— Exercise directions —
Give back every entry exactly; drop the pictures.

Data excerpts:
>>>>

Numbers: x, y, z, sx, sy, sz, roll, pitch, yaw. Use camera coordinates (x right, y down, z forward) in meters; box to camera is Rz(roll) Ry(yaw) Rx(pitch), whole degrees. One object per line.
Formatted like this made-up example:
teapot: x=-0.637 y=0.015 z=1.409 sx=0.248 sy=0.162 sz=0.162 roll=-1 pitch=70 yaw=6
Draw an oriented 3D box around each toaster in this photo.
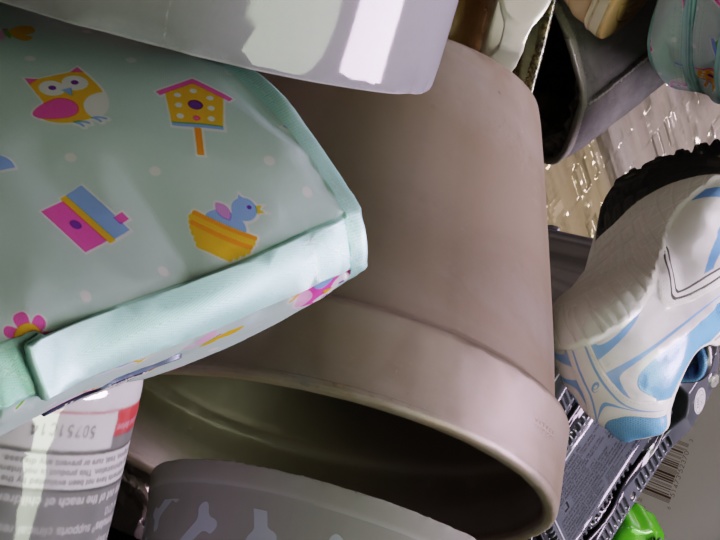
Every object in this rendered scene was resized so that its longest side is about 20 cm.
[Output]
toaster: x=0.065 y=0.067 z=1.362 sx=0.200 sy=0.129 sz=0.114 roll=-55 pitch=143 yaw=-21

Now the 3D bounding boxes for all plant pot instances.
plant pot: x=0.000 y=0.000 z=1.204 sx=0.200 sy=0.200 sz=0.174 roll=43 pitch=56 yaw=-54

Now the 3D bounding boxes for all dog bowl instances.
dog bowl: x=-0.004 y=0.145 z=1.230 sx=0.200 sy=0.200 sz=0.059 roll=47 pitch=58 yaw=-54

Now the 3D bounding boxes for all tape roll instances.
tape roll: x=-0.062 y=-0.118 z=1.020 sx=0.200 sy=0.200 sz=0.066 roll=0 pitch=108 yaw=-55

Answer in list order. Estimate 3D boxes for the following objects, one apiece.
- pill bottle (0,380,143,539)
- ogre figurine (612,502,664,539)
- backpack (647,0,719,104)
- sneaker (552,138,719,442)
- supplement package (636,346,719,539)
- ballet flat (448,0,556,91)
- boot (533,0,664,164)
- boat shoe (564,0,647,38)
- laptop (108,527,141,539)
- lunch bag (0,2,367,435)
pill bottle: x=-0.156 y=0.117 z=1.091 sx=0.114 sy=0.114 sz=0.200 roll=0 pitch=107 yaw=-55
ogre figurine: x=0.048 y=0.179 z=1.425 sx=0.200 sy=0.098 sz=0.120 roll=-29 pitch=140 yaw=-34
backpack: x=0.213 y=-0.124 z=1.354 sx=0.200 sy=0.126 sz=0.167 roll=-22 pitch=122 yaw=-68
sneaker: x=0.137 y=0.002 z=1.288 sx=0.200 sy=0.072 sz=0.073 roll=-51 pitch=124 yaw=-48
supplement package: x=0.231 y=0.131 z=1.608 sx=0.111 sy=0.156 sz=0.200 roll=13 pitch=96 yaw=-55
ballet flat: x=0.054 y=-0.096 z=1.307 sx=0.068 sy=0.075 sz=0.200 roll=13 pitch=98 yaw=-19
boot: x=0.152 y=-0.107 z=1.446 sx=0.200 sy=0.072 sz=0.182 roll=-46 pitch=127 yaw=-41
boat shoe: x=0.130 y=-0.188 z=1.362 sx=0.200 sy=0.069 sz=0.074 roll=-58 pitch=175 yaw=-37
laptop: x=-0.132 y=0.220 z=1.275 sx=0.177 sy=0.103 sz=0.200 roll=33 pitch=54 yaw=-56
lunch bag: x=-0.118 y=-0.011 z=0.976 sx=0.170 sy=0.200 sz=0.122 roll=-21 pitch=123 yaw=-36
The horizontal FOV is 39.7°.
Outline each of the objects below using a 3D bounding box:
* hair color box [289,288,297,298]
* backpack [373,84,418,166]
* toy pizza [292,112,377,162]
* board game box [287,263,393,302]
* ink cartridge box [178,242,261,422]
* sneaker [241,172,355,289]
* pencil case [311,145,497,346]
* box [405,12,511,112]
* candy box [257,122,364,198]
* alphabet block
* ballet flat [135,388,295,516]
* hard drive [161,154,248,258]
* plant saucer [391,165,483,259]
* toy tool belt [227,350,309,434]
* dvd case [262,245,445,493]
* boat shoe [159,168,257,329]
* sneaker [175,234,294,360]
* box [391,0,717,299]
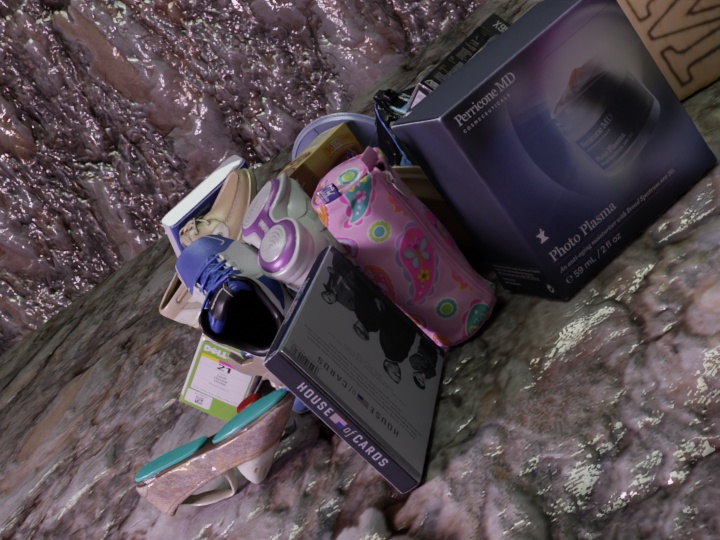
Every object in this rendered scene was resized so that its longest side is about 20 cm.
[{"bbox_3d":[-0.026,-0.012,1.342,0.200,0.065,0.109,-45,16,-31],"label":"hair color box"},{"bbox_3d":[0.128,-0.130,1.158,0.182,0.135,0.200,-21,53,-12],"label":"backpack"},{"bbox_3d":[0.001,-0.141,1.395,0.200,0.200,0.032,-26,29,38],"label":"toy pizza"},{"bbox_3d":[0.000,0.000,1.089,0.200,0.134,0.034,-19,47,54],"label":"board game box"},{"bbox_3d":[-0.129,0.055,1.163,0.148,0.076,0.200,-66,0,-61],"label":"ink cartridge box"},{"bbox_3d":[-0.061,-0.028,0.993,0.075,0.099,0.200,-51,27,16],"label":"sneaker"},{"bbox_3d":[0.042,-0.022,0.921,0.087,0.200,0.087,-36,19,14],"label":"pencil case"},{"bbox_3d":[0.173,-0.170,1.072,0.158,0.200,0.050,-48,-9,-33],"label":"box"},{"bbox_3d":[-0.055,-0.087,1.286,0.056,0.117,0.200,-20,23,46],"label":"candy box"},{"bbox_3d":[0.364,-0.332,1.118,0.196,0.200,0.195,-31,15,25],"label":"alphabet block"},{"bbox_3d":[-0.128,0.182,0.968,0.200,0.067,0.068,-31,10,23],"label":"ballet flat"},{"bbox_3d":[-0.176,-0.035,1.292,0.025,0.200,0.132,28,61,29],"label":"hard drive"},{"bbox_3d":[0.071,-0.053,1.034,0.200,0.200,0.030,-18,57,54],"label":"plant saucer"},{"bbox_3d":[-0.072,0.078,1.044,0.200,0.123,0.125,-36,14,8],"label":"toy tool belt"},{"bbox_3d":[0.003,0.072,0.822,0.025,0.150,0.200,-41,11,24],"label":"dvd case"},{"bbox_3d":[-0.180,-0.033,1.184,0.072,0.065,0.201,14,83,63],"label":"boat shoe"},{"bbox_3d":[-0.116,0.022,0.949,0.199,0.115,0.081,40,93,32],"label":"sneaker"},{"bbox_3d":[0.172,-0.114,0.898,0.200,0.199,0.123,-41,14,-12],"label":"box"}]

<<<<

— Answer space —
Numbers: x, y, z, sx, sy, sz, roll, pitch, yaw. Use camera coordinates (x right, y down, z forward) in meters; box to camera is Rz(roll) Ry(yaw) Rx(pitch), whole degrees. One object per line.
Formatted like this made-up example:
teapot: x=-0.637 y=0.015 z=1.409 sx=0.248 sy=0.162 sz=0.162 roll=-1 pitch=70 yaw=6
Draw an oriented 3D box around each toaster in this photo.
Every object in this rendered scene was resized so that its longest side is about 20 cm.
[Output]
toaster: x=0.065 y=0.067 z=1.362 sx=0.200 sy=0.129 sz=0.114 roll=-55 pitch=143 yaw=-21

Now the 3D bounding boxes for all plant pot instances.
plant pot: x=0.000 y=0.000 z=1.204 sx=0.200 sy=0.200 sz=0.174 roll=43 pitch=56 yaw=-54

Now the 3D bounding boxes for all dog bowl instances.
dog bowl: x=-0.004 y=0.145 z=1.230 sx=0.200 sy=0.200 sz=0.059 roll=47 pitch=58 yaw=-54

Now the 3D bounding boxes for all tape roll instances.
tape roll: x=-0.062 y=-0.118 z=1.020 sx=0.200 sy=0.200 sz=0.066 roll=0 pitch=108 yaw=-55

Answer in list order. Estimate 3D boxes for the following objects, one apiece.
- pill bottle (0,380,143,539)
- ogre figurine (612,502,664,539)
- backpack (647,0,719,104)
- sneaker (552,138,719,442)
- supplement package (636,346,719,539)
- ballet flat (448,0,556,91)
- boot (533,0,664,164)
- boat shoe (564,0,647,38)
- laptop (108,527,141,539)
- lunch bag (0,2,367,435)
pill bottle: x=-0.156 y=0.117 z=1.091 sx=0.114 sy=0.114 sz=0.200 roll=0 pitch=107 yaw=-55
ogre figurine: x=0.048 y=0.179 z=1.425 sx=0.200 sy=0.098 sz=0.120 roll=-29 pitch=140 yaw=-34
backpack: x=0.213 y=-0.124 z=1.354 sx=0.200 sy=0.126 sz=0.167 roll=-22 pitch=122 yaw=-68
sneaker: x=0.137 y=0.002 z=1.288 sx=0.200 sy=0.072 sz=0.073 roll=-51 pitch=124 yaw=-48
supplement package: x=0.231 y=0.131 z=1.608 sx=0.111 sy=0.156 sz=0.200 roll=13 pitch=96 yaw=-55
ballet flat: x=0.054 y=-0.096 z=1.307 sx=0.068 sy=0.075 sz=0.200 roll=13 pitch=98 yaw=-19
boot: x=0.152 y=-0.107 z=1.446 sx=0.200 sy=0.072 sz=0.182 roll=-46 pitch=127 yaw=-41
boat shoe: x=0.130 y=-0.188 z=1.362 sx=0.200 sy=0.069 sz=0.074 roll=-58 pitch=175 yaw=-37
laptop: x=-0.132 y=0.220 z=1.275 sx=0.177 sy=0.103 sz=0.200 roll=33 pitch=54 yaw=-56
lunch bag: x=-0.118 y=-0.011 z=0.976 sx=0.170 sy=0.200 sz=0.122 roll=-21 pitch=123 yaw=-36
The horizontal FOV is 39.7°.
Outline each of the objects below using a 3D bounding box:
* hair color box [289,288,297,298]
* backpack [373,84,418,166]
* toy pizza [292,112,377,162]
* board game box [287,263,393,302]
* ink cartridge box [178,242,261,422]
* sneaker [241,172,355,289]
* pencil case [311,145,497,346]
* box [405,12,511,112]
* candy box [257,122,364,198]
* alphabet block
* ballet flat [135,388,295,516]
* hard drive [161,154,248,258]
* plant saucer [391,165,483,259]
* toy tool belt [227,350,309,434]
* dvd case [262,245,445,493]
* boat shoe [159,168,257,329]
* sneaker [175,234,294,360]
* box [391,0,717,299]
Every object in this rendered scene was resized so that its longest side is about 20 cm.
[{"bbox_3d":[-0.026,-0.012,1.342,0.200,0.065,0.109,-45,16,-31],"label":"hair color box"},{"bbox_3d":[0.128,-0.130,1.158,0.182,0.135,0.200,-21,53,-12],"label":"backpack"},{"bbox_3d":[0.001,-0.141,1.395,0.200,0.200,0.032,-26,29,38],"label":"toy pizza"},{"bbox_3d":[0.000,0.000,1.089,0.200,0.134,0.034,-19,47,54],"label":"board game box"},{"bbox_3d":[-0.129,0.055,1.163,0.148,0.076,0.200,-66,0,-61],"label":"ink cartridge box"},{"bbox_3d":[-0.061,-0.028,0.993,0.075,0.099,0.200,-51,27,16],"label":"sneaker"},{"bbox_3d":[0.042,-0.022,0.921,0.087,0.200,0.087,-36,19,14],"label":"pencil case"},{"bbox_3d":[0.173,-0.170,1.072,0.158,0.200,0.050,-48,-9,-33],"label":"box"},{"bbox_3d":[-0.055,-0.087,1.286,0.056,0.117,0.200,-20,23,46],"label":"candy box"},{"bbox_3d":[0.364,-0.332,1.118,0.196,0.200,0.195,-31,15,25],"label":"alphabet block"},{"bbox_3d":[-0.128,0.182,0.968,0.200,0.067,0.068,-31,10,23],"label":"ballet flat"},{"bbox_3d":[-0.176,-0.035,1.292,0.025,0.200,0.132,28,61,29],"label":"hard drive"},{"bbox_3d":[0.071,-0.053,1.034,0.200,0.200,0.030,-18,57,54],"label":"plant saucer"},{"bbox_3d":[-0.072,0.078,1.044,0.200,0.123,0.125,-36,14,8],"label":"toy tool belt"},{"bbox_3d":[0.003,0.072,0.822,0.025,0.150,0.200,-41,11,24],"label":"dvd case"},{"bbox_3d":[-0.180,-0.033,1.184,0.072,0.065,0.201,14,83,63],"label":"boat shoe"},{"bbox_3d":[-0.116,0.022,0.949,0.199,0.115,0.081,40,93,32],"label":"sneaker"},{"bbox_3d":[0.172,-0.114,0.898,0.200,0.199,0.123,-41,14,-12],"label":"box"}]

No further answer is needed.